Back to "William the Wizard." The movie doubtless had impeccable pedigree; a "Hampton Productions" film, with Hampton himself directing in his first outing as a director for over six years after having collected countless Oscars, Emmy's, BAFTA's and many, many other award accolades during his long service to the business. The director and production team could have had absolutely any leading man they wanted- Tom Cruise, Brad Pitt, George Clooney, to actors on our side of the "big Pond" like Clive Owen, Liam Neeson and Alan Rickman. After all who among them would have turned down a lead role in a Hampton production, a movie guaranteed to be a blockbuster and being hailed as major Oscar's chance before filming even began? Instead Hampton made the bold move of going with relative unknowns.

Emma Wilcox plays Wendy, the wife of the lead character, and before the movie her credits included a small part in a remake of "Jane Eyre", a three-story arc in perennial favourite "Doctor Who" and a blink-and-you-miss-it part in "Love Actually." She had, however, spent a fair bit of time strutting the boards on the West End in an original play by Monty Python's Michael Pallin as well as "Romeo and Juliet."
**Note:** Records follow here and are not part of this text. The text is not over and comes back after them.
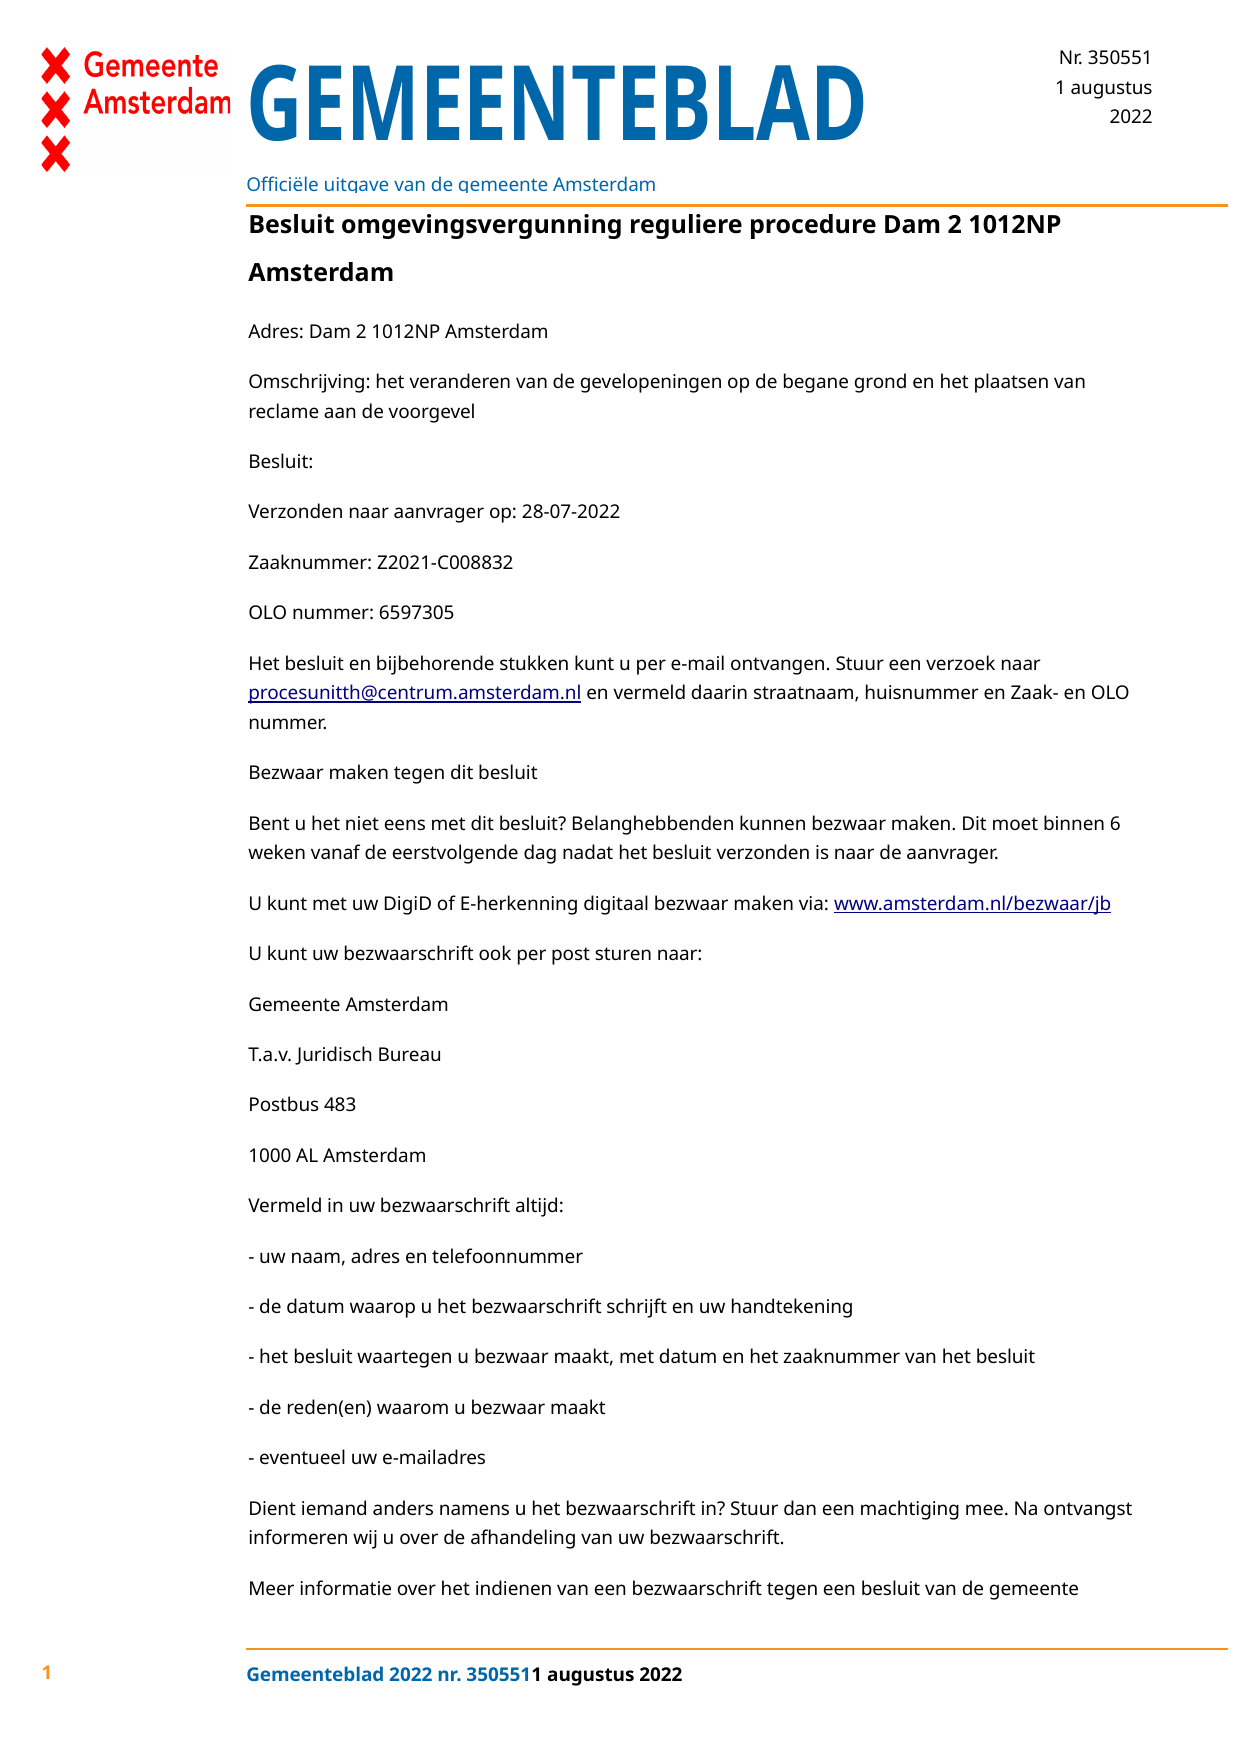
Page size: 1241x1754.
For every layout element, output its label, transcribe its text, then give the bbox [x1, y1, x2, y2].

text 1000 AL Amsterdam [248, 1142, 1152, 1168]
text Besluit: [248, 448, 1152, 474]
text - de datum waarop u het bezwaarschrift schrijft en uw handtekening [248, 1293, 1152, 1319]
text - uw naam, adres en telefoonnummer [248, 1243, 1152, 1269]
text Besluit omgevingsvergunning reguliere procedure Dam 2 1012NP Amsterdam [248, 207, 1152, 288]
text Verzonden naar aanvrager op: 28-07-2022 [248, 499, 1152, 524]
text - de reden(en) waarom u bezwaar maakt [248, 1394, 1152, 1420]
text Gemeente Amsterdam [248, 991, 1152, 1017]
text Het besluit en bijbehorende stukken kunt u per e-mail ontvangen. Stuur een verzoek naar procesunitth@centrum.amsterdam.nl en vermeld daarin straatnaam, huisnummer en Zaak- en OLO nummer. [248, 650, 1152, 735]
text Vermeld in uw bezwaarschrift altijd: [248, 1192, 1152, 1218]
text Bent u het niet eens met dit besluit? Belanghebbenden kunnen bezwaar maken. Dit moet binnen 6 weken vanaf de eerstvolgende dag nadat het besluit verzonden is naar de aanvrager. [248, 810, 1152, 865]
text U kunt met uw DigiD of E-herkenning digitaal bezwaar maken via: www.amsterdam.nl/bezwaar/jb [248, 890, 1152, 916]
text Postbus 483 [248, 1092, 1152, 1117]
text - het besluit waartegen u bezwaar maakt, met datum en het zaaknummer van het besluit [248, 1344, 1152, 1369]
text OLO nummer: 6597305 [248, 599, 1152, 625]
text Adres: Dam 2 1012NP Amsterdam [248, 318, 1152, 344]
picture [41, 47, 231, 172]
text Zaaknummer: Z2021-C008832 [248, 549, 1152, 575]
text - eventueel uw e-mailadres [248, 1444, 1152, 1470]
text T.a.v. Juridisch Bureau [248, 1041, 1152, 1067]
text Bezwaar maken tegen dit besluit [248, 759, 1152, 785]
text Meer informatie over het indienen van een bezwaarschrift tegen een besluit van de gemeente [248, 1575, 1152, 1601]
text Dient iemand anders namens u het bezwaarschrift in? Stuur dan een machtiging mee. Na ontvangst informeren wij u over de afhandeling van uw bezwaarschrift. [248, 1495, 1152, 1550]
text Omschrijving: het veranderen van de gevelopeningen op de begane grond en het plaatsen van reclame aan de voorgevel [248, 368, 1152, 424]
text U kunt uw bezwaarschrift ook per post sturen naar: [248, 940, 1152, 966]

Severus Snape plays William. The story of how Snape came to get the part is already legendary with him walking through the auditions for the wizard and offering constructive criticism on the name of the dark wizard in the script as well as costumes and spells. To say I was skeptical about Snape's inclusion in the movie would be like saying that a goblin doesn't have a good fiscal plan and money in the bank or that fairy's aren't distracted by shiny things.

Movies about the magical world of witches and wizards are a Sickle a dozen so this witch went to see "WTW" expecting to see a movie crammed full of typical Muggle misconceptions about the wizarding world; very few Hollywood movies or television series' (think "Teen Witch", "Escape to Witch Mountain", "The Wizard of Mars", "Sabrina the Teenage Witch", "Charmed" and "Warlocks R Us" amongst them) hit the nail on the head. So when I didn't see people being turned into frogs, or having liberal sprinklings of "love potion" poured over their morning cereal or even being able to read other's minds in the first few minutes I suddenly realised that this movie just might be the exception to the rule. In fact the movie managed to make this hardened movie skeptic actually care about the main characters and by the end of the movie I was completely rooting for the good guys. In a "Knut-shell" the movie manages to both poke fun at the Muggle world- the best example being the inept British Prime Minister- as well as the wizarding world, all in all, making for a thoroughly entertaining movie that every witch and wizard should see.

Snape glanced at the key to the side of the page and saw that the movie had been rated "4 out of 5 Martinis- and make mine a dirty martini if Severus Snape is involved please!" He didn't realise he was holding his breath until he let it out in a whoosh.

"They loved me!" Snape said out loud, the strange words sounding, and tasting, unusual in his mouth.